# Work instructions
Reproduce the data below exactly as written. Pictures do not belong in the copy.

# Data section
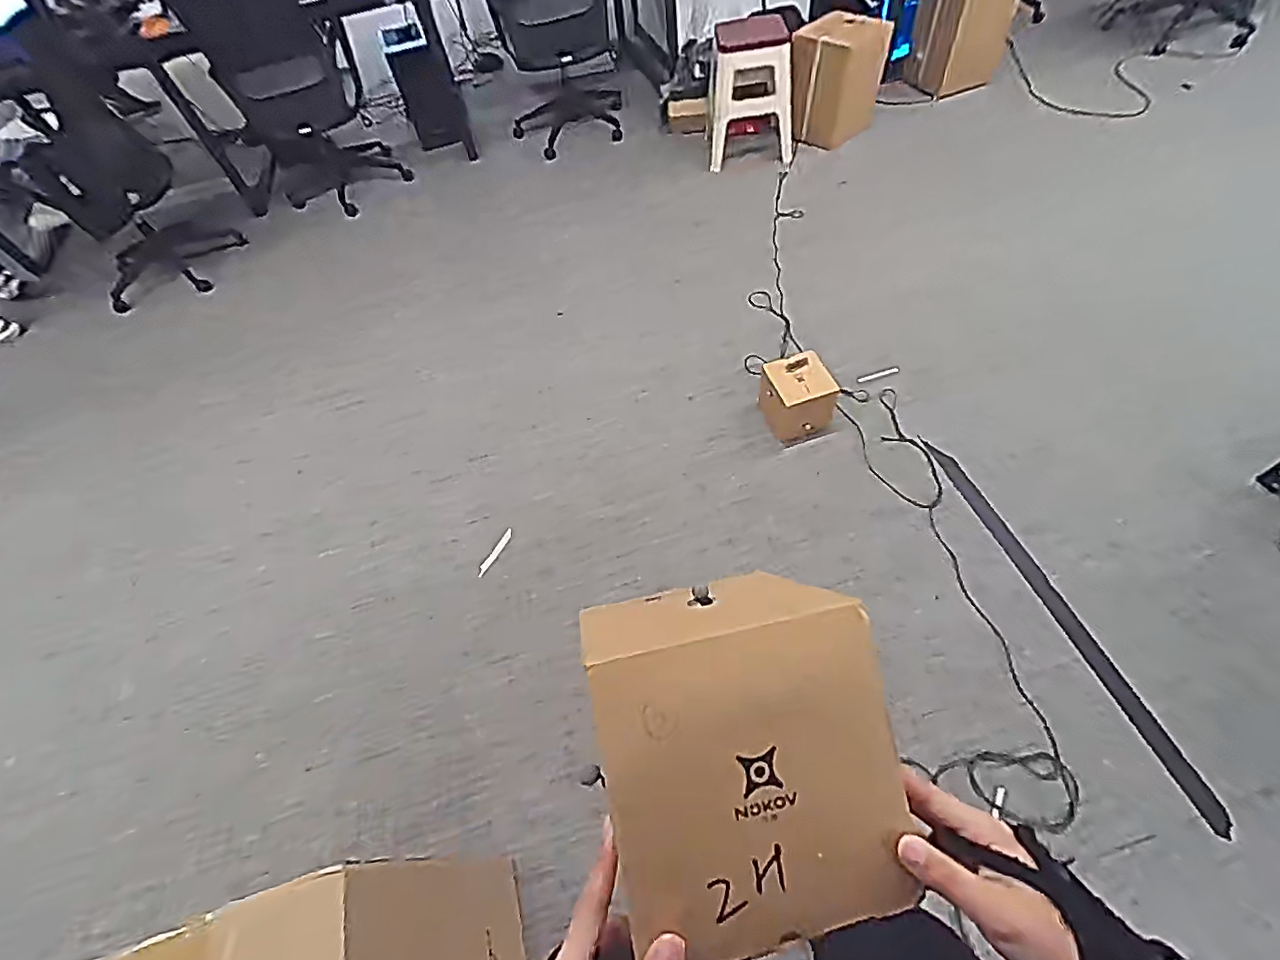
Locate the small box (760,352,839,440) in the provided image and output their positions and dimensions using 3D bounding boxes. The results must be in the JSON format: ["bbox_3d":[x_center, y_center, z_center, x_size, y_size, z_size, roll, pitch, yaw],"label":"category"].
[{"bbox_3d":[0.475,-0.253,1.644,0.168,0.176,0.179,-18,56,-4],"label":"small box"}]

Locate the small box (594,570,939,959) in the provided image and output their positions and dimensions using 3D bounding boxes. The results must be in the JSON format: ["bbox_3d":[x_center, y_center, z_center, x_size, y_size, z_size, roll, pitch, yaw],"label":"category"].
[{"bbox_3d":[0.063,0.161,0.373,0.168,0.176,0.179,-9,86,-8],"label":"small box"}]

# Response box
Locate the small box (760,352,839,440) in the provided image and output their positions and dimensions using 3D bounding boxes. The results must be in the JSON format: ["bbox_3d":[x_center, y_center, z_center, x_size, y_size, z_size, roll, pitch, yaw],"label":"category"].
[{"bbox_3d":[0.475,-0.253,1.644,0.168,0.176,0.179,-18,56,-4],"label":"small box"}]

Locate the small box (594,570,939,959) in the provided image and output their positions and dimensions using 3D bounding boxes. The results must be in the JSON format: ["bbox_3d":[x_center, y_center, z_center, x_size, y_size, z_size, roll, pitch, yaw],"label":"category"].
[{"bbox_3d":[0.063,0.161,0.373,0.168,0.176,0.179,-9,86,-8],"label":"small box"}]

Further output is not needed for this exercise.